Task goal: For every entry below, give it back exactly and leave out any image.

Stored data entries:
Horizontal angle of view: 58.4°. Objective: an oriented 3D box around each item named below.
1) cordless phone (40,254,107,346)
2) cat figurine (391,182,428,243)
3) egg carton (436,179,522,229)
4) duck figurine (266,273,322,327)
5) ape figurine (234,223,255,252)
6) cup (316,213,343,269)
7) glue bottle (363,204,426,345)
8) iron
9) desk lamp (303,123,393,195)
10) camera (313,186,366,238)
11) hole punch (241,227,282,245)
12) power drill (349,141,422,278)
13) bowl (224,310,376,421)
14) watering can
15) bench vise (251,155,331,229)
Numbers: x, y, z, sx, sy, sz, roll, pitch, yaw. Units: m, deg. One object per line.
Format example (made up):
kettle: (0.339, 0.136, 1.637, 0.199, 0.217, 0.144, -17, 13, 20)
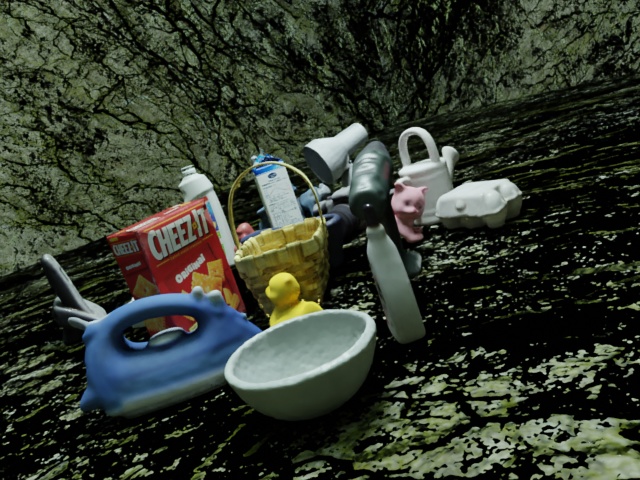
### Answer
cordless phone: (-0.513, 0.106, 1.176, 0.094, 0.185, 0.147, -24, 15, -21)
cat figurine: (0.150, -0.053, 1.091, 0.127, 0.118, 0.067, -15, 14, 12)
egg carton: (0.290, -0.064, 1.055, 0.107, 0.069, 0.149, -28, 16, -35)
duck figurine: (-0.043, 0.090, 0.837, 0.078, 0.086, 0.104, -28, 16, -34)
ape figurine: (-0.166, 0.005, 1.327, 0.076, 0.092, 0.077, -24, 15, -23)
cup: (0.010, 0.004, 1.095, 0.091, 0.095, 0.118, -14, 14, 18)
glue bottle: (0.082, 0.037, 0.698, 0.037, 0.173, 0.078, -20, 14, -6)
iron: (-0.196, 0.130, 0.759, 0.258, 0.141, 0.118, -19, 14, -3)
desk lamp: (0.077, -0.194, 1.543, 0.204, 0.214, 0.117, -24, 15, -22)
camera: (0.041, -0.057, 1.284, 0.142, 0.101, 0.137, -11, 15, 27)
hole punch: (-0.104, 0.011, 1.223, 0.108, 0.091, 0.101, -15, 14, 13)
power drill: (0.101, -0.046, 0.927, 0.075, 0.208, 0.230, -14, 14, 15)
bowl: (-0.012, 0.142, 0.613, 0.167, 0.075, 0.167, -17, 13, 5)
watering can: (0.218, -0.139, 1.179, 0.100, 0.194, 0.173, -8, 17, 36)
bench vise: (-0.081, -0.127, 1.466, 0.207, 0.220, 0.121, -17, 14, 4)
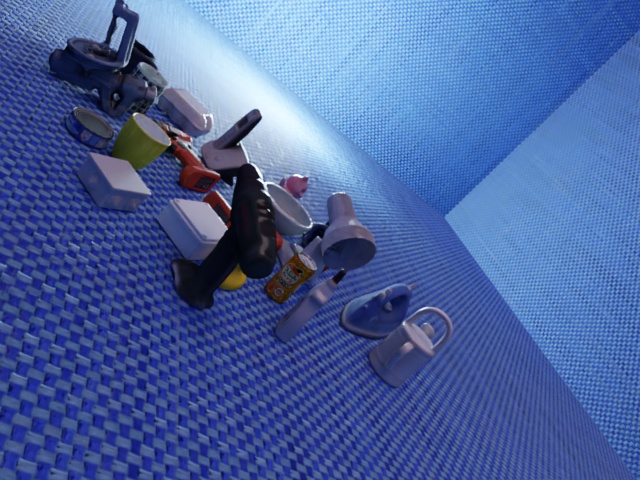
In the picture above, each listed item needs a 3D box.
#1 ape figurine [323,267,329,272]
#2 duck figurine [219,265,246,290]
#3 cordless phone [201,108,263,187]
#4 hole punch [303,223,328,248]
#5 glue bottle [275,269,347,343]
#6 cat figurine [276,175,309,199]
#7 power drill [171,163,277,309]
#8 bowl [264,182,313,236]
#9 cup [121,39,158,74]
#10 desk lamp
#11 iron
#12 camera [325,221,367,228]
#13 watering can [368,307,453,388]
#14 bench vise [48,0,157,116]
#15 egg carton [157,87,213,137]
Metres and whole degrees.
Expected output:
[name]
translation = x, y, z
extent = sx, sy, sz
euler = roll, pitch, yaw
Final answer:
[ape figurine]
translation = 0.013, 0.033, 1.446
extent = 0.076, 0.092, 0.077
euler = 34, 20, -31
[duck figurine]
translation = -0.154, 0.038, 1.063
extent = 0.077, 0.086, 0.105
euler = 44, 17, 1
[cordless phone]
translation = -0.206, -0.241, 1.427
extent = 0.094, 0.185, 0.147
euler = 29, 22, -40
[hole punch]
translation = 0.014, -0.003, 1.531
extent = 0.109, 0.091, 0.101
euler = 39, 18, -16
[glue bottle]
translation = -0.012, 0.115, 1.058
extent = 0.037, 0.173, 0.078
euler = 43, 17, -4
[cat figurine]
translation = -0.084, -0.145, 1.596
extent = 0.067, 0.117, 0.128
euler = 51, 18, 22
[power drill]
translation = -0.152, 0.002, 0.943
extent = 0.076, 0.208, 0.229
euler = 30, 22, -39
[bowl]
translation = -0.101, -0.065, 1.442
extent = 0.168, 0.074, 0.167
euler = 40, 18, -15
[cup]
translation = -0.469, -0.441, 1.447
extent = 0.117, 0.095, 0.092
euler = 46, 17, 6
[desk lamp]
translation = 0.012, 0.005, 1.302
extent = 0.118, 0.213, 0.202
euler = 29, 22, -40
[iron]
translation = 0.152, 0.156, 1.390
extent = 0.118, 0.141, 0.259
euler = 50, 18, 19
[camera]
translation = 0.072, -0.025, 1.700
extent = 0.137, 0.100, 0.143
euler = 28, 23, -42
[watering can]
translation = 0.209, 0.224, 1.270
extent = 0.101, 0.194, 0.173
euler = 42, 17, -7
[bench vise]
translation = -0.427, -0.390, 1.212
extent = 0.208, 0.219, 0.121
euler = 26, 24, -45
[egg carton]
translation = -0.353, -0.338, 1.515
extent = 0.150, 0.069, 0.107
euler = 44, 17, -1
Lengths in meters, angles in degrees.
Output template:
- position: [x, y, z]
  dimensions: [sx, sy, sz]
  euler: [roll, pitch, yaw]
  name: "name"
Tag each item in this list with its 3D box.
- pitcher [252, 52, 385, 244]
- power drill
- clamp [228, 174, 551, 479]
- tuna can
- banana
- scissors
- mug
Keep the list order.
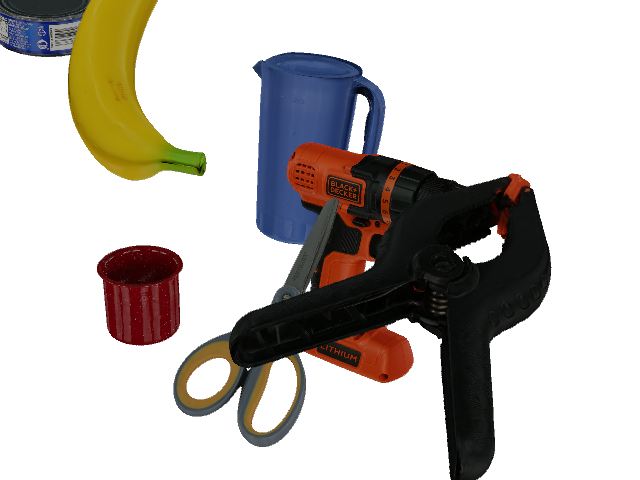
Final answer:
- position: [-0.013, -0.120, 1.420]
  dimensions: [0.144, 0.243, 0.149]
  euler: [-3, 24, -22]
  name: "pitcher"
- position: [0.050, 0.021, 0.897]
  dimensions: [0.185, 0.188, 0.057]
  euler: [19, 25, 32]
  name: "power drill"
- position: [0.058, 0.031, 0.469]
  dimensions: [0.120, 0.039, 0.171]
  euler: [37, 55, 24]
  name: "clamp"
- position: [-0.215, -0.177, 0.840]
  dimensions: [0.086, 0.034, 0.086]
  euler: [4, 35, -3]
  name: "tuna can"
- position: [-0.112, -0.100, 0.617]
  dimensions: [0.069, 0.198, 0.037]
  euler: [-9, -37, -8]
  name: "banana"
- position: [-0.042, 0.048, 0.725]
  dimensions: [0.096, 0.201, 0.016]
  euler: [-1, -39, 9]
  name: "scissors"
- position: [-0.206, 0.058, 1.187]
  dimensions: [0.117, 0.081, 0.093]
  euler: [26, 36, 38]
  name: "mug"
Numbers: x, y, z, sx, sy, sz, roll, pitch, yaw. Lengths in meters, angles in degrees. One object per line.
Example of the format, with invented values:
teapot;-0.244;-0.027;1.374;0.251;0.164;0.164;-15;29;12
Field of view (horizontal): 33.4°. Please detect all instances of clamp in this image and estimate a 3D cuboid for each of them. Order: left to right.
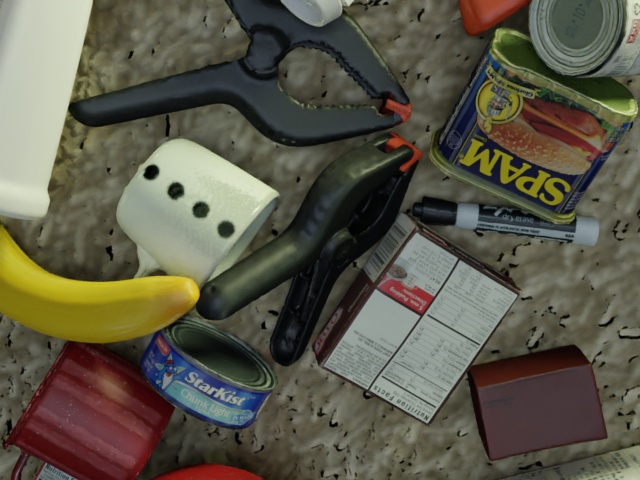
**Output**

Output for this exercise:
Horizontal angle of view: 58.4°. Objective: an oriented 3D box around each item named below.
1) cordless phone (40,254,107,346)
2) cat figurine (391,182,428,243)
3) egg carton (436,179,522,229)
4) duck figurine (266,273,322,327)
5) ape figurine (234,223,255,252)
6) cup (316,213,343,269)
7) glue bottle (363,204,426,345)
8) iron
9) desk lamp (303,123,393,195)
10) camera (313,186,366,238)
11) hole punch (241,227,282,245)
12) power drill (349,141,422,278)
13) bowl (224,310,376,421)
14) watering can
15) bench vise (251,155,331,229)
Numbers: x, y, z, sx, sy, sz, roll, pitch, yaw. Units: m, deg. One object per line.
Format example (made up):
kettle: (0.339, 0.136, 1.637, 0.199, 0.217, 0.144, -17, 13, 20)
### Answer
cordless phone: (-0.513, 0.106, 1.176, 0.094, 0.185, 0.147, -24, 15, -21)
cat figurine: (0.150, -0.053, 1.091, 0.127, 0.118, 0.067, -15, 14, 12)
egg carton: (0.290, -0.064, 1.055, 0.107, 0.069, 0.149, -28, 16, -35)
duck figurine: (-0.043, 0.090, 0.837, 0.078, 0.086, 0.104, -28, 16, -34)
ape figurine: (-0.166, 0.005, 1.327, 0.076, 0.092, 0.077, -24, 15, -23)
cup: (0.010, 0.004, 1.095, 0.091, 0.095, 0.118, -14, 14, 18)
glue bottle: (0.082, 0.037, 0.698, 0.037, 0.173, 0.078, -20, 14, -6)
iron: (-0.196, 0.130, 0.759, 0.258, 0.141, 0.118, -19, 14, -3)
desk lamp: (0.077, -0.194, 1.543, 0.204, 0.214, 0.117, -24, 15, -22)
camera: (0.041, -0.057, 1.284, 0.142, 0.101, 0.137, -11, 15, 27)
hole punch: (-0.104, 0.011, 1.223, 0.108, 0.091, 0.101, -15, 14, 13)
power drill: (0.101, -0.046, 0.927, 0.075, 0.208, 0.230, -14, 14, 15)
bowl: (-0.012, 0.142, 0.613, 0.167, 0.075, 0.167, -17, 13, 5)
watering can: (0.218, -0.139, 1.179, 0.100, 0.194, 0.173, -8, 17, 36)
bench vise: (-0.081, -0.127, 1.466, 0.207, 0.220, 0.121, -17, 14, 4)
In the picture above, each listed item needs a 3D box.
#1 ape figurine [323,267,329,272]
#2 duck figurine [219,265,246,290]
#3 cordless phone [201,108,263,187]
#4 hole punch [303,223,328,248]
#5 glue bottle [275,269,347,343]
#6 cat figurine [276,175,309,199]
#7 power drill [171,163,277,309]
#8 bowl [264,182,313,236]
#9 cup [121,39,158,74]
#10 desk lamp
#11 iron
#12 camera [325,221,367,228]
#13 watering can [368,307,453,388]
#14 bench vise [48,0,157,116]
#15 egg carton [157,87,213,137]
Metres and whole degrees.
Expected output:
[name]
translation = x, y, z
extent = sx, sy, sz
euler = roll, pitch, yaw
Final answer:
[ape figurine]
translation = 0.013, 0.033, 1.446
extent = 0.076, 0.092, 0.077
euler = 34, 20, -31
[duck figurine]
translation = -0.154, 0.038, 1.063
extent = 0.077, 0.086, 0.105
euler = 44, 17, 1
[cordless phone]
translation = -0.206, -0.241, 1.427
extent = 0.094, 0.185, 0.147
euler = 29, 22, -40
[hole punch]
translation = 0.014, -0.003, 1.531
extent = 0.109, 0.091, 0.101
euler = 39, 18, -16
[glue bottle]
translation = -0.012, 0.115, 1.058
extent = 0.037, 0.173, 0.078
euler = 43, 17, -4
[cat figurine]
translation = -0.084, -0.145, 1.596
extent = 0.067, 0.117, 0.128
euler = 51, 18, 22
[power drill]
translation = -0.152, 0.002, 0.943
extent = 0.076, 0.208, 0.229
euler = 30, 22, -39
[bowl]
translation = -0.101, -0.065, 1.442
extent = 0.168, 0.074, 0.167
euler = 40, 18, -15
[cup]
translation = -0.469, -0.441, 1.447
extent = 0.117, 0.095, 0.092
euler = 46, 17, 6
[desk lamp]
translation = 0.012, 0.005, 1.302
extent = 0.118, 0.213, 0.202
euler = 29, 22, -40
[iron]
translation = 0.152, 0.156, 1.390
extent = 0.118, 0.141, 0.259
euler = 50, 18, 19
[camera]
translation = 0.072, -0.025, 1.700
extent = 0.137, 0.100, 0.143
euler = 28, 23, -42
[watering can]
translation = 0.209, 0.224, 1.270
extent = 0.101, 0.194, 0.173
euler = 42, 17, -7
[bench vise]
translation = -0.427, -0.390, 1.212
extent = 0.208, 0.219, 0.121
euler = 26, 24, -45
[egg carton]
translation = -0.353, -0.338, 1.515
extent = 0.150, 0.069, 0.107
euler = 44, 17, -1
Lengths in meters, angles in degrees.
Output template:
- position: [x, y, z]
  dimensions: [sx, sy, sz]
  euler: [roll, pitch, yaw]
  name: "name"
Tag each item in this list with its 3D box.
- pitcher [252, 52, 385, 244]
- power drill
- clamp [228, 174, 551, 479]
- tuna can
- banana
- scissors
- mug
Keep the list order.
Final answer:
- position: [-0.013, -0.120, 1.420]
  dimensions: [0.144, 0.243, 0.149]
  euler: [-3, 24, -22]
  name: "pitcher"
- position: [0.050, 0.021, 0.897]
  dimensions: [0.185, 0.188, 0.057]
  euler: [19, 25, 32]
  name: "power drill"
- position: [0.058, 0.031, 0.469]
  dimensions: [0.120, 0.039, 0.171]
  euler: [37, 55, 24]
  name: "clamp"
- position: [-0.215, -0.177, 0.840]
  dimensions: [0.086, 0.034, 0.086]
  euler: [4, 35, -3]
  name: "tuna can"
- position: [-0.112, -0.100, 0.617]
  dimensions: [0.069, 0.198, 0.037]
  euler: [-9, -37, -8]
  name: "banana"
- position: [-0.042, 0.048, 0.725]
  dimensions: [0.096, 0.201, 0.016]
  euler: [-1, -39, 9]
  name: "scissors"
- position: [-0.206, 0.058, 1.187]
  dimensions: [0.117, 0.081, 0.093]
  euler: [26, 36, 38]
  name: "mug"
Numbers: x, y, z, sx, sy, sz, roll, pitch, yaw. Lengths in meters, angles in degrees. One object per line.
Example of the format, with invented values:
teapot;-0.244;-0.027;1.374;0.251;0.164;0.164;-15;29;12
Field of view (horizontal): 33.4°. Please detect all instances of clamp in this image and estimate a 3D cuboid for each of them. Order: left to right.
**Output**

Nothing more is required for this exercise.